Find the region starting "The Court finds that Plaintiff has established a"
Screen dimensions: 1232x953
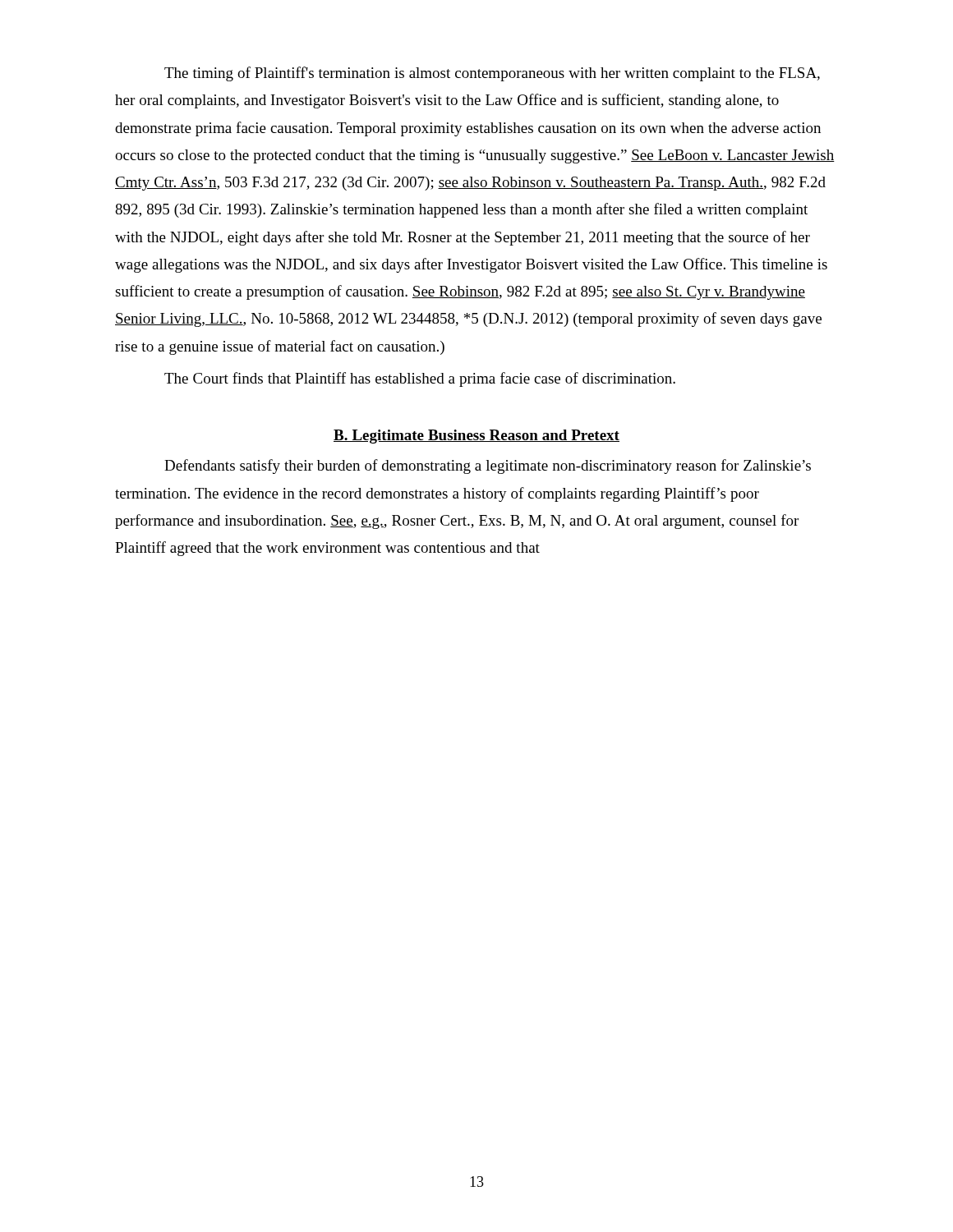pos(476,378)
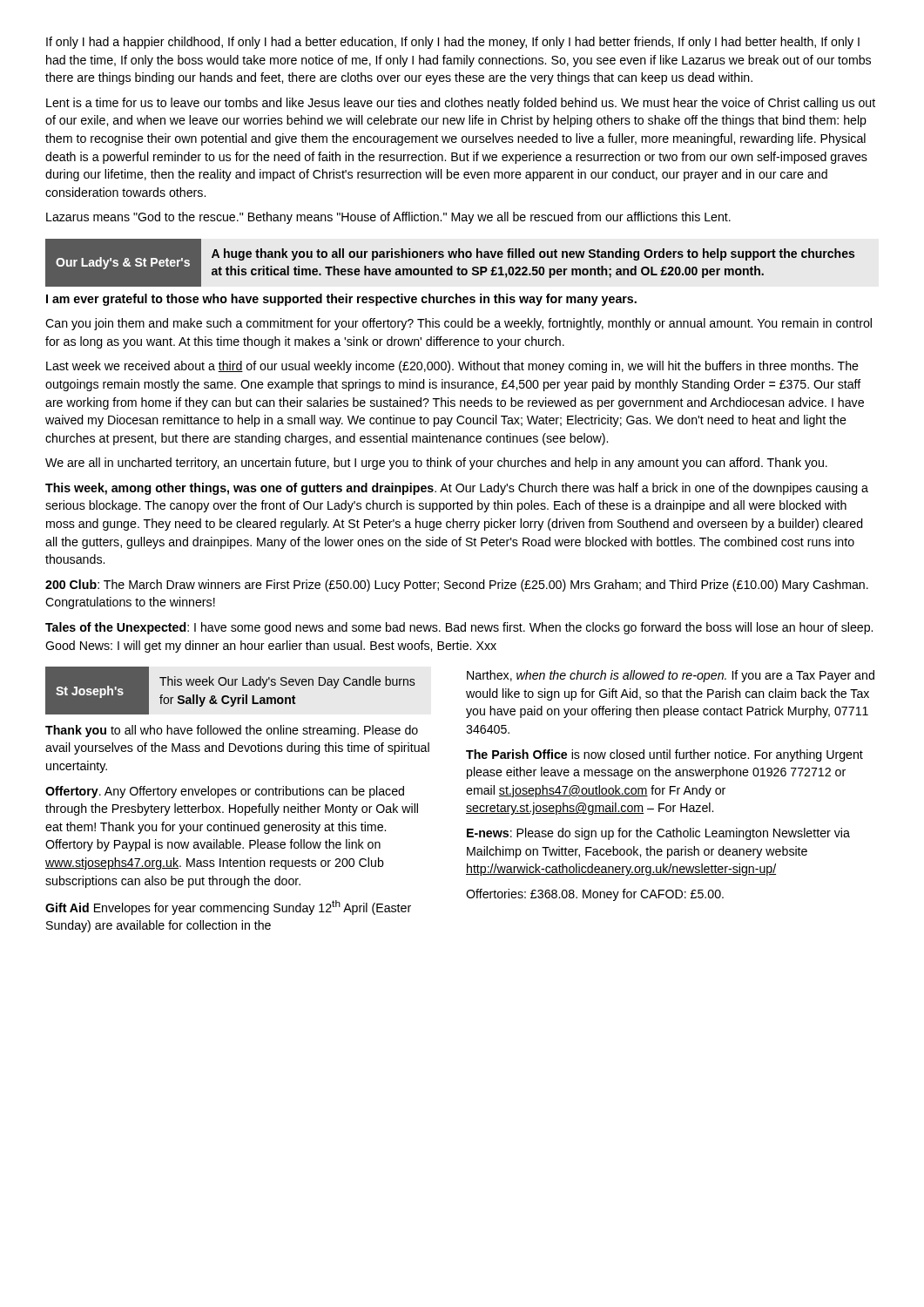This screenshot has height=1307, width=924.
Task: Click on the text block with the text "This week, among other"
Action: [462, 524]
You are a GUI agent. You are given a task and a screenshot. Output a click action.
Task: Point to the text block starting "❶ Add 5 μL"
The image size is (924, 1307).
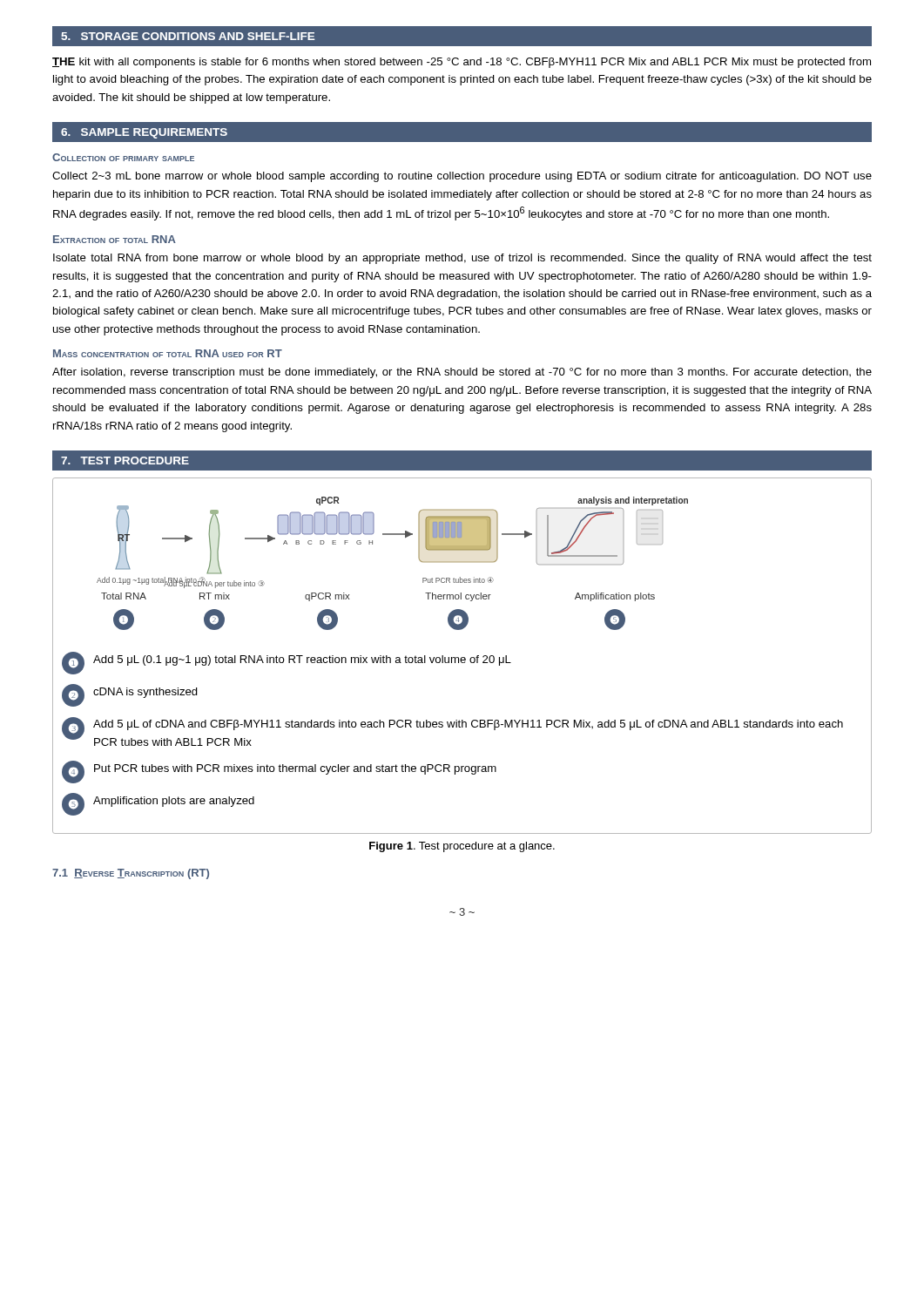286,663
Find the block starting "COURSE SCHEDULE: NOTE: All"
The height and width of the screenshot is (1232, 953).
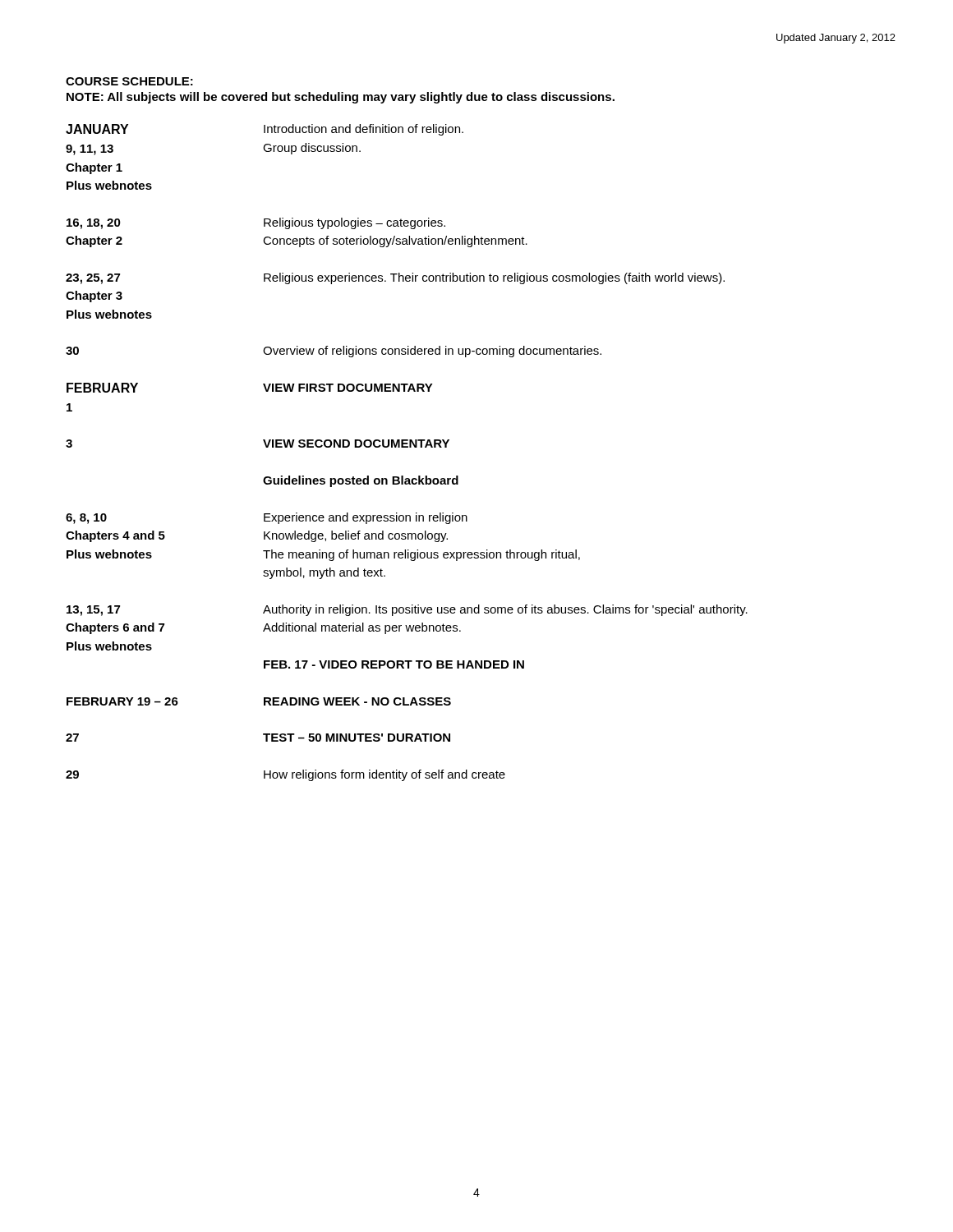[481, 89]
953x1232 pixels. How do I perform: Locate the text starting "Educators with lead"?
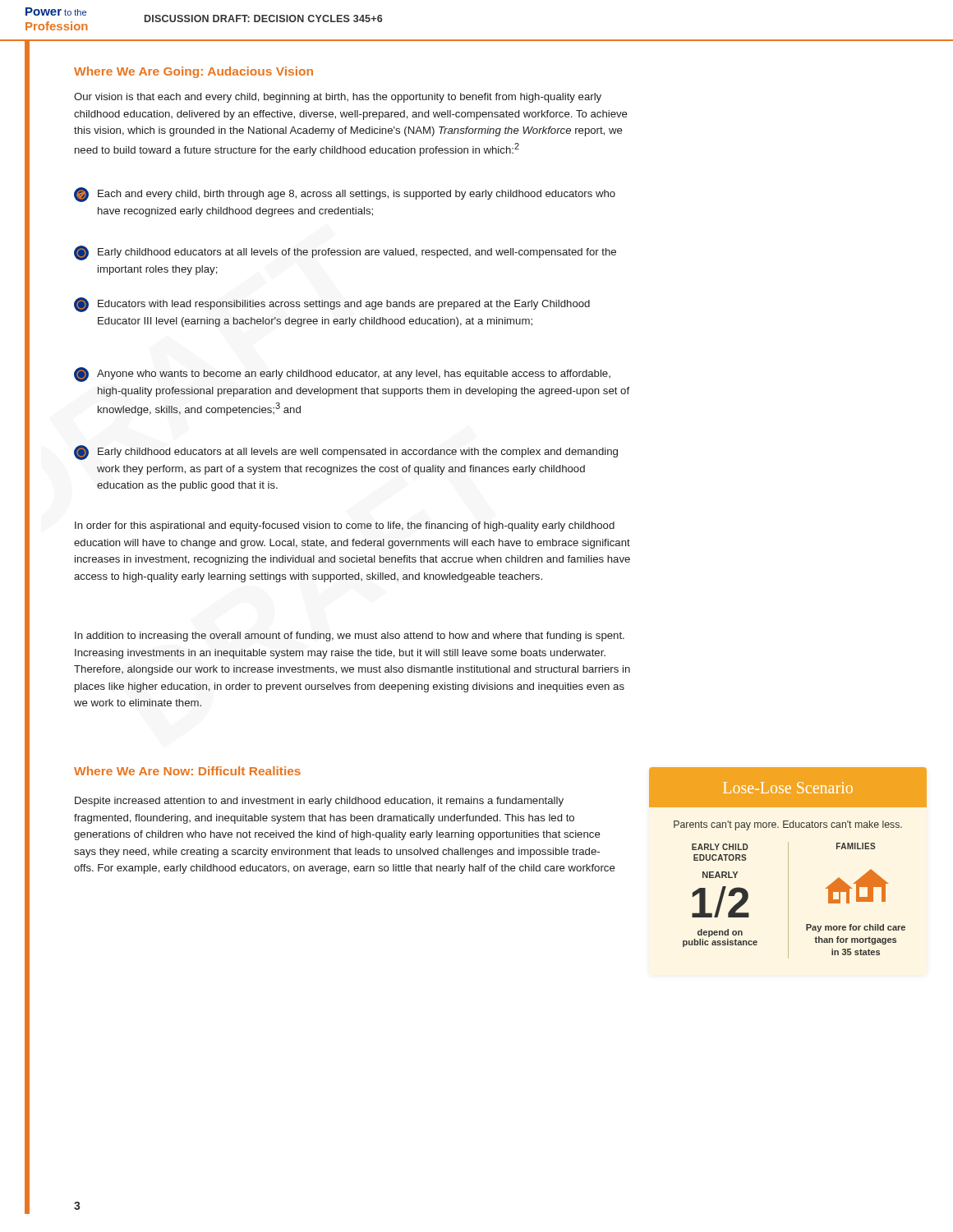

TASK BRIEF:
The lines wanted run from the one with "Task: Point to" through the final line of the data; repeat them word for word and skip every picture.

SOLUTION TO THIS EXERCISE:
Task: Point to the text block starting "❶ Add 5 μL"
The image size is (924, 1307).
286,663
Find the block starting "COURSE SCHEDULE: NOTE: All"
The height and width of the screenshot is (1232, 953).
[481, 89]
953x1232 pixels. How do I perform: Locate the text starting "Educators with lead"?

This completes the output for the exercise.